■ Activity
Examine the entries and show every line in which the word "Convert" is found.

■ Data to examine
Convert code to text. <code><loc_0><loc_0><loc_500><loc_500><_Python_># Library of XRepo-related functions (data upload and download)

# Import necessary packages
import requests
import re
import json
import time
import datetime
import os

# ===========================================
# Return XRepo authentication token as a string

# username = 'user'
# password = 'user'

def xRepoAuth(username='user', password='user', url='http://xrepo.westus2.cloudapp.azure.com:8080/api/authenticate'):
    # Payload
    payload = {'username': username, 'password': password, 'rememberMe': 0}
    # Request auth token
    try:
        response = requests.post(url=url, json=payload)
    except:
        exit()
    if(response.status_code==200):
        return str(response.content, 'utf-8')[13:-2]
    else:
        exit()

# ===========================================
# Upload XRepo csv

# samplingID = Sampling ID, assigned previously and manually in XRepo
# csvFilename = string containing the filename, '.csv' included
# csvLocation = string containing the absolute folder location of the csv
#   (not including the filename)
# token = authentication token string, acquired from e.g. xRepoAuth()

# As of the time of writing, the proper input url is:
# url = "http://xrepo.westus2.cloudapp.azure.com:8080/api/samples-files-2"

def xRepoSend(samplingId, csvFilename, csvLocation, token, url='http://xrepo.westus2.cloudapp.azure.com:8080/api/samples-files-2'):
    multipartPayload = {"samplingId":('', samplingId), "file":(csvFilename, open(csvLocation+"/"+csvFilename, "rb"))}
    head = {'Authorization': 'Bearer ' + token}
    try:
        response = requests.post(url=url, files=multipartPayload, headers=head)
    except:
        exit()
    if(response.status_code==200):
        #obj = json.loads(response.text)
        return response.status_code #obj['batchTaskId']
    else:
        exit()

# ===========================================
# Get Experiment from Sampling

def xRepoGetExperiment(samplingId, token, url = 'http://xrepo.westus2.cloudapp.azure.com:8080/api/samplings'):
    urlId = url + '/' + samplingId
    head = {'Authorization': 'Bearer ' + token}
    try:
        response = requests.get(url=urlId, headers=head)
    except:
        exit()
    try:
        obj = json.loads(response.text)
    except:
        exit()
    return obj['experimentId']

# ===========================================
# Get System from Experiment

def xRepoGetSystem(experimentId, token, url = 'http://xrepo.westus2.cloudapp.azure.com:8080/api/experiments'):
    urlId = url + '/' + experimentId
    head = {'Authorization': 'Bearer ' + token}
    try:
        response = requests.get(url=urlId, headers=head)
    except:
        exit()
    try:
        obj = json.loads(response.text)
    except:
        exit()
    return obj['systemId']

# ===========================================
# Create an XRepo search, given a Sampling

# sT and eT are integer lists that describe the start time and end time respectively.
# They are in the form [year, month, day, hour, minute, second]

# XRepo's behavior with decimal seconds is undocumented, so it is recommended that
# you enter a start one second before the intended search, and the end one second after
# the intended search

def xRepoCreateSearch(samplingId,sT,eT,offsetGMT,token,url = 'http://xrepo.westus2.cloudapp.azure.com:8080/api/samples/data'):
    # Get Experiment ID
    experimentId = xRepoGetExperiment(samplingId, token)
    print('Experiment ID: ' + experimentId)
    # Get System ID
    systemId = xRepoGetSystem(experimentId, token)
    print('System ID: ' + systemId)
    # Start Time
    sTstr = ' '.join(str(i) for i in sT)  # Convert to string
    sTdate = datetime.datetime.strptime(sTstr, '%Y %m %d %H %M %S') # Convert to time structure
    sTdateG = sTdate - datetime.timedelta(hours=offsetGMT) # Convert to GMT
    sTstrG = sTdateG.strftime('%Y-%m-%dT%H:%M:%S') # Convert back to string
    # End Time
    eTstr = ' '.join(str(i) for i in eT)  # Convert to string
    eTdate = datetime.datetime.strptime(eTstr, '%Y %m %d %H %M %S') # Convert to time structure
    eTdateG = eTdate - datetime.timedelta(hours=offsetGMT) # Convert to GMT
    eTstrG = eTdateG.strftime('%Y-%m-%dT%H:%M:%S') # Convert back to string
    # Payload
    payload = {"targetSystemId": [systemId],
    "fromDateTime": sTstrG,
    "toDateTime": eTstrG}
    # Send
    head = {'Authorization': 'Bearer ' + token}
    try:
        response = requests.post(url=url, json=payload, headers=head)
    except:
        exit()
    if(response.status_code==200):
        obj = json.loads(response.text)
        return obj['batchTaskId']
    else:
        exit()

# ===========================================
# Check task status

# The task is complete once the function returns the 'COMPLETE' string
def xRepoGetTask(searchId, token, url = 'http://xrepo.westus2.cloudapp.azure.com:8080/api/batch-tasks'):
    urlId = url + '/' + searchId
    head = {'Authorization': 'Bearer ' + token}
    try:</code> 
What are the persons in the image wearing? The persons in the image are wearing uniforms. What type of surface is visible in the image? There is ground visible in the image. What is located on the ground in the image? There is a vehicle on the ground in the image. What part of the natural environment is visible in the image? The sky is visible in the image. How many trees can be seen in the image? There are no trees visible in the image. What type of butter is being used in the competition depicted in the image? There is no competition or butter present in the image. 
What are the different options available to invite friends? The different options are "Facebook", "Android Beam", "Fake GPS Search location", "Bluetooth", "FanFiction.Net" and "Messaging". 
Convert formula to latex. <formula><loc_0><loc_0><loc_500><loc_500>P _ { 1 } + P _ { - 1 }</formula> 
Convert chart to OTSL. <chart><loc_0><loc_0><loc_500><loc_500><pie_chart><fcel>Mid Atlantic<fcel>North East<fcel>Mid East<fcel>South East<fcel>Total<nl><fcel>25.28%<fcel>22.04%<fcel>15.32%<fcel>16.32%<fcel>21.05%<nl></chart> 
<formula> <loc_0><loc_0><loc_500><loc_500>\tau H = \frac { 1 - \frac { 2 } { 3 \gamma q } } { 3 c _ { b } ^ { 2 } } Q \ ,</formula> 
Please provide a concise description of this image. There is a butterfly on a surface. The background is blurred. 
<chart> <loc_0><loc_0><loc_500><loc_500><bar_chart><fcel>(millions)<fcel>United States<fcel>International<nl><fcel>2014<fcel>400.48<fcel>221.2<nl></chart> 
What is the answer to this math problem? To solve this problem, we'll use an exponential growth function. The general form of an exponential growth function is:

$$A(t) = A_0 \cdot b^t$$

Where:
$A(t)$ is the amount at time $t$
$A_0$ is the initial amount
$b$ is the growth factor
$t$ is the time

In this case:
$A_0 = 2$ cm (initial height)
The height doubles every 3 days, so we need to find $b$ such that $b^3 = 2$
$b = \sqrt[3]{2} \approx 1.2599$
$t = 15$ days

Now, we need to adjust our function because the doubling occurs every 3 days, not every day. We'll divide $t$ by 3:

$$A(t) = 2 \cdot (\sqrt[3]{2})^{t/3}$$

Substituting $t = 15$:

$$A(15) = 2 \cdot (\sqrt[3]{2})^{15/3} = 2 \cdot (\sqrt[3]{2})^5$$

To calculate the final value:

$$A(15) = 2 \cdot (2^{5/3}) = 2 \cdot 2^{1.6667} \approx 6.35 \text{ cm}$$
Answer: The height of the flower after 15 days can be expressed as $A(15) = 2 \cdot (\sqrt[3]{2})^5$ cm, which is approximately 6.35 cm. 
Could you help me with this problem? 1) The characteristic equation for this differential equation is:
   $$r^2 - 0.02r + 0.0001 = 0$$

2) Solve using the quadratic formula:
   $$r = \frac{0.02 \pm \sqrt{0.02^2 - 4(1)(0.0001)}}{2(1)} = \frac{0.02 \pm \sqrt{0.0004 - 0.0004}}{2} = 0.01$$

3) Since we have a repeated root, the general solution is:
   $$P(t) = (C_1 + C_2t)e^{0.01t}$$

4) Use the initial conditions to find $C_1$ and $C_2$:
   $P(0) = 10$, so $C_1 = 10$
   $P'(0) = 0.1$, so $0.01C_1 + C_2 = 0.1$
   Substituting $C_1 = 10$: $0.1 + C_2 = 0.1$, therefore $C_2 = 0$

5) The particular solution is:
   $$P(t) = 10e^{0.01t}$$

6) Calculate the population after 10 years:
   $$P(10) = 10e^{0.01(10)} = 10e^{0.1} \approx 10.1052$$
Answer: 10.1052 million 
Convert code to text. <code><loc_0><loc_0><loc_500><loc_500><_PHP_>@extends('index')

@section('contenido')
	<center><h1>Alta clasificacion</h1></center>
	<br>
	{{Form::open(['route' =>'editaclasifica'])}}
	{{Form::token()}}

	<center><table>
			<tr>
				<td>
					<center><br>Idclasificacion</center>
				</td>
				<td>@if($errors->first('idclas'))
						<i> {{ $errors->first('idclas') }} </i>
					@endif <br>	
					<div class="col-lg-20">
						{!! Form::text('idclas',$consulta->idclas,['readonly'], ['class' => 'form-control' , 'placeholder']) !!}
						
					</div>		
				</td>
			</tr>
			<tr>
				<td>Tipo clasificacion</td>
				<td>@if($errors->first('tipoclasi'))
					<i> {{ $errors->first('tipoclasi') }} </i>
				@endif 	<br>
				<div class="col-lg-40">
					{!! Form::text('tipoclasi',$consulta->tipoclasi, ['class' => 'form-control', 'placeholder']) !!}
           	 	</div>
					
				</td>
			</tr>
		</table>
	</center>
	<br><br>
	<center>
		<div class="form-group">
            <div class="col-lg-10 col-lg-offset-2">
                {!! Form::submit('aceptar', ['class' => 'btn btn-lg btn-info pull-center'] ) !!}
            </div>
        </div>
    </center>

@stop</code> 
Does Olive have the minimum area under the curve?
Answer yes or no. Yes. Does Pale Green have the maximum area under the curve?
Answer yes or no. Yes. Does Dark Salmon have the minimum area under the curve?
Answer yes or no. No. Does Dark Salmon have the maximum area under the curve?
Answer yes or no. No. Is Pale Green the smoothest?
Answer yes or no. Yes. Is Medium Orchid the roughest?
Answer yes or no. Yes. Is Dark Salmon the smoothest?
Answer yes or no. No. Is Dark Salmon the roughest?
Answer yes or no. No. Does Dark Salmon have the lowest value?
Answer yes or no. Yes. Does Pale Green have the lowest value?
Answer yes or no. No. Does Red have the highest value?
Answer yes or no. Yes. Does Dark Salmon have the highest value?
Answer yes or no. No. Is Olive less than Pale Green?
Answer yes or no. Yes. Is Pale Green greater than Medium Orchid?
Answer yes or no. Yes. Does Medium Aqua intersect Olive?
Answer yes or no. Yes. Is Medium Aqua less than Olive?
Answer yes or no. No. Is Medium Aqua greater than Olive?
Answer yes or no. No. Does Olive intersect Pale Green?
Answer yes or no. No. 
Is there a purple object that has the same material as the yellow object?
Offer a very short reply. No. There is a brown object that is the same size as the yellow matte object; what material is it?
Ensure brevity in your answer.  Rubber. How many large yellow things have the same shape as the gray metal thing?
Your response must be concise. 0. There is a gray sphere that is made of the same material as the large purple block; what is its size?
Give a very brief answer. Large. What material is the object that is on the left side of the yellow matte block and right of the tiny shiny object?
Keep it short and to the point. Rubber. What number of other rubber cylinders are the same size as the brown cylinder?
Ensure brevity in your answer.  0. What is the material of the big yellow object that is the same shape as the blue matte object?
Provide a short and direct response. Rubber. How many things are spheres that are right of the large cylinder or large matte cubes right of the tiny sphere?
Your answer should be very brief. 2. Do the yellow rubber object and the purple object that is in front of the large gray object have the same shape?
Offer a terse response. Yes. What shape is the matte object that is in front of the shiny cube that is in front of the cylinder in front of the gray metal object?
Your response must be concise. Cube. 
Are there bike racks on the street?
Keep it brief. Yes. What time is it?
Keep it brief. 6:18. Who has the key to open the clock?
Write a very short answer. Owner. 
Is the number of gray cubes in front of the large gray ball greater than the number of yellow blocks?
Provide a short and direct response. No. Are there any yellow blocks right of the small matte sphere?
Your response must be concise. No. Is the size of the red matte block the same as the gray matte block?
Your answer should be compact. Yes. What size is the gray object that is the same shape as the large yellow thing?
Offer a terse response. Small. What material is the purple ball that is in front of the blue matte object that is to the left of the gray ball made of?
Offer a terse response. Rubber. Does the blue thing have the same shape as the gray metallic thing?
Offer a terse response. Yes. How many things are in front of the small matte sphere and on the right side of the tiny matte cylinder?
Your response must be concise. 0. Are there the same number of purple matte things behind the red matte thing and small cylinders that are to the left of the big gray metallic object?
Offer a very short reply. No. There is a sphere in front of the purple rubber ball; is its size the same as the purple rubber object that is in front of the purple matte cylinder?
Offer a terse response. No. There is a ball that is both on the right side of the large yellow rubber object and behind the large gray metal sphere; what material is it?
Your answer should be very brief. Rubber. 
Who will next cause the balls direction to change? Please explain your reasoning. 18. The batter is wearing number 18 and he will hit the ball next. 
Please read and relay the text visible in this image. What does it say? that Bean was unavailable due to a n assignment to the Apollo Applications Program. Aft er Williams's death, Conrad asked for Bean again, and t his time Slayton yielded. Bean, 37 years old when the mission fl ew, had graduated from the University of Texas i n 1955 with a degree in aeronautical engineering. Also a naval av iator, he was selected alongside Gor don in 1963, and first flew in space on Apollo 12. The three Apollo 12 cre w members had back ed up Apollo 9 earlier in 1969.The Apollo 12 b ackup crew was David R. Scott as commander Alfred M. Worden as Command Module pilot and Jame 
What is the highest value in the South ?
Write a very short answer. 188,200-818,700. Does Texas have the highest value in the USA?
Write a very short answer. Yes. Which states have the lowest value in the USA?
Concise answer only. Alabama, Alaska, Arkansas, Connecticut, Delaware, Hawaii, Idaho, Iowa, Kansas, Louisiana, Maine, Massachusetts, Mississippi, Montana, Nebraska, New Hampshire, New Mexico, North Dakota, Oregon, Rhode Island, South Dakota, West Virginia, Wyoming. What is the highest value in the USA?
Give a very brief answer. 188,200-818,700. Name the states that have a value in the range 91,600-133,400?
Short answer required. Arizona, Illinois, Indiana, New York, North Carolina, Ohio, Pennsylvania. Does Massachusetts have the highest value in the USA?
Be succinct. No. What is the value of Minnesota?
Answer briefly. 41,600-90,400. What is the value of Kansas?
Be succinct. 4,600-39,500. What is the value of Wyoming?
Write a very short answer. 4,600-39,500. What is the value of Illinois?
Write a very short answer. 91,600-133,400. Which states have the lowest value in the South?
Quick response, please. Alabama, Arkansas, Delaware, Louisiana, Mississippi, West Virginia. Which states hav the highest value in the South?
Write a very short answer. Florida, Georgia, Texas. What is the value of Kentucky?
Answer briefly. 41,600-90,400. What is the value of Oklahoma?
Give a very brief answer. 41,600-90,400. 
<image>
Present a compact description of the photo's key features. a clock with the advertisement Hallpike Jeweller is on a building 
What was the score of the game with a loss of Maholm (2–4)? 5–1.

■ Task result
Convert code to text. <code><loc_0><loc_0><loc_500><loc_500><_Python_># Library of XRepo-related functions (data upload and download)
    sTstr = ' '.join(str(i) for i in sT)  # Convert to string
    sTdate = datetime.datetime.strptime(sTstr, '%Y %m %d %H %M %S') # Convert to time structure
    sTdateG = sTdate - datetime.timedelta(hours=offsetGMT) # Convert to GMT
    sTstrG = sTdateG.strftime('%Y-%m-%dT%H:%M:%S') # Convert back to string
    eTstr = ' '.join(str(i) for i in eT)  # Convert to string
    eTdate = datetime.datetime.strptime(eTstr, '%Y %m %d %H %M %S') # Convert to time structure
    eTdateG = eTdate - datetime.timedelta(hours=offsetGMT) # Convert to GMT
    eTstrG = eTdateG.strftime('%Y-%m-%dT%H:%M:%S') # Convert back to string
Convert formula to latex. <formula><loc_0><loc_0><loc_500><loc_500>P _ { 1 } + P _ { - 1 }</formula> 
Convert chart to OTSL. <chart><loc_0><loc_0><loc_500><loc_500><pie_chart><fcel>Mid Atlantic<fcel>North East<fcel>Mid East<fcel>South East<fcel>Total<nl><fcel>25.28%<fcel>22.04%<fcel>15.32%<fcel>16.32%<fcel>21.05%<nl></chart> 
Convert code to text. <code><loc_0><loc_0><loc_500><loc_500><_PHP_>@extends('index')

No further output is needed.